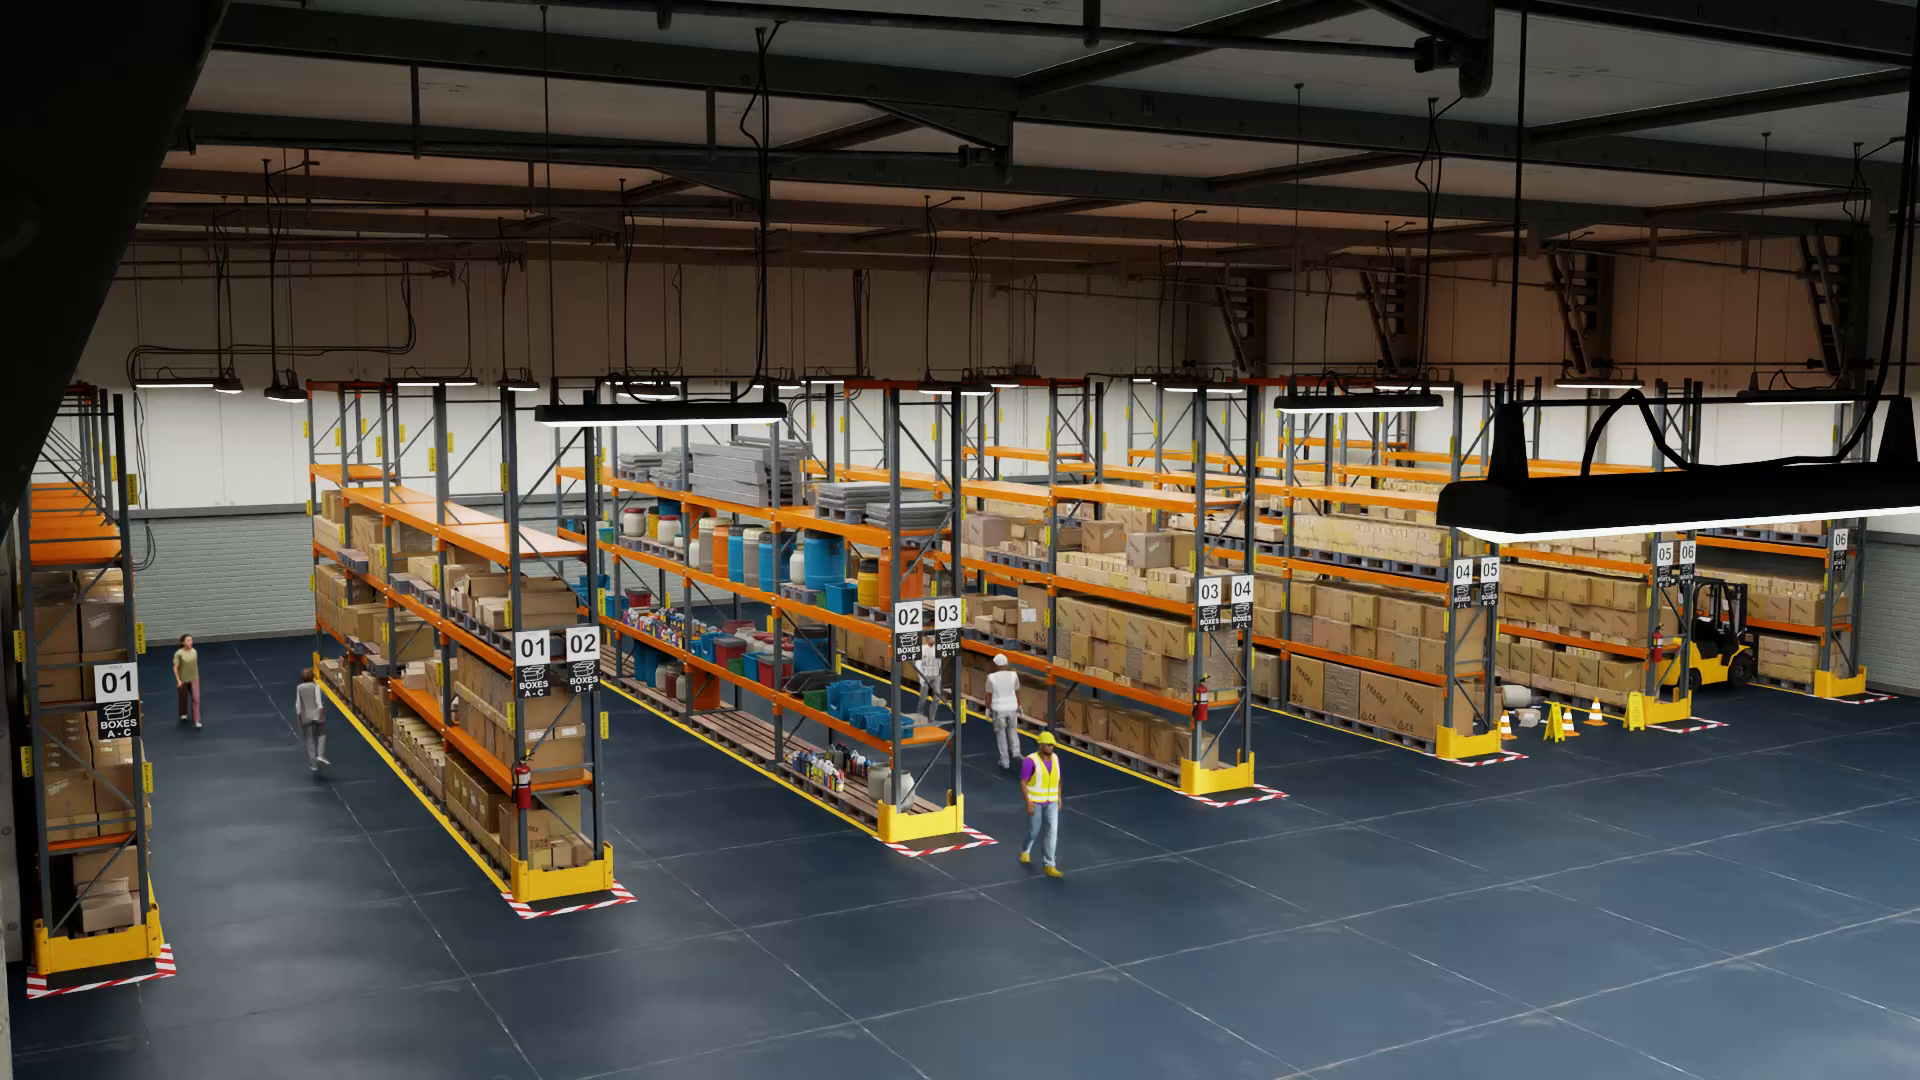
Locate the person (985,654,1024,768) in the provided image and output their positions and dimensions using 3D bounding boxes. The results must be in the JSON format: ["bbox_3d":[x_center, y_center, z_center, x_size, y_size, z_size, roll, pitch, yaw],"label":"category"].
[{"bbox_3d":[0.696,2.671,26.076,0.591,1.775,0.492,-2,6,-18],"label":"person"}]

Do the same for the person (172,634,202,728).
[{"bbox_3d":[-13.494,2.437,28.997,0.424,1.612,1.082,-4,7,-32],"label":"person"}]

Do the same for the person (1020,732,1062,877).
[{"bbox_3d":[1.058,3.266,20.773,0.677,1.738,0.848,-4,7,-31],"label":"person"}]

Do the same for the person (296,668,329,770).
[{"bbox_3d":[-10.074,2.782,25.847,0.453,1.576,0.436,-2,7,-21],"label":"person"}]

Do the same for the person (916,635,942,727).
[{"bbox_3d":[-0.531,2.435,29.202,0.560,1.694,0.637,-4,7,-31],"label":"person"}]

----------------

**Exercise description**: Give back the listing word for word, minus its images.

**Result of this exercise**:
Locate the person (985,654,1024,768) in the provided image and output their positions and dimensions using 3D bounding boxes. The results must be in the JSON format: ["bbox_3d":[x_center, y_center, z_center, x_size, y_size, z_size, roll, pitch, yaw],"label":"category"].
[{"bbox_3d":[0.696,2.671,26.076,0.591,1.775,0.492,-2,6,-18],"label":"person"}]

Do the same for the person (172,634,202,728).
[{"bbox_3d":[-13.494,2.437,28.997,0.424,1.612,1.082,-4,7,-32],"label":"person"}]

Do the same for the person (1020,732,1062,877).
[{"bbox_3d":[1.058,3.266,20.773,0.677,1.738,0.848,-4,7,-31],"label":"person"}]

Do the same for the person (296,668,329,770).
[{"bbox_3d":[-10.074,2.782,25.847,0.453,1.576,0.436,-2,7,-21],"label":"person"}]

Do the same for the person (916,635,942,727).
[{"bbox_3d":[-0.531,2.435,29.202,0.560,1.694,0.637,-4,7,-31],"label":"person"}]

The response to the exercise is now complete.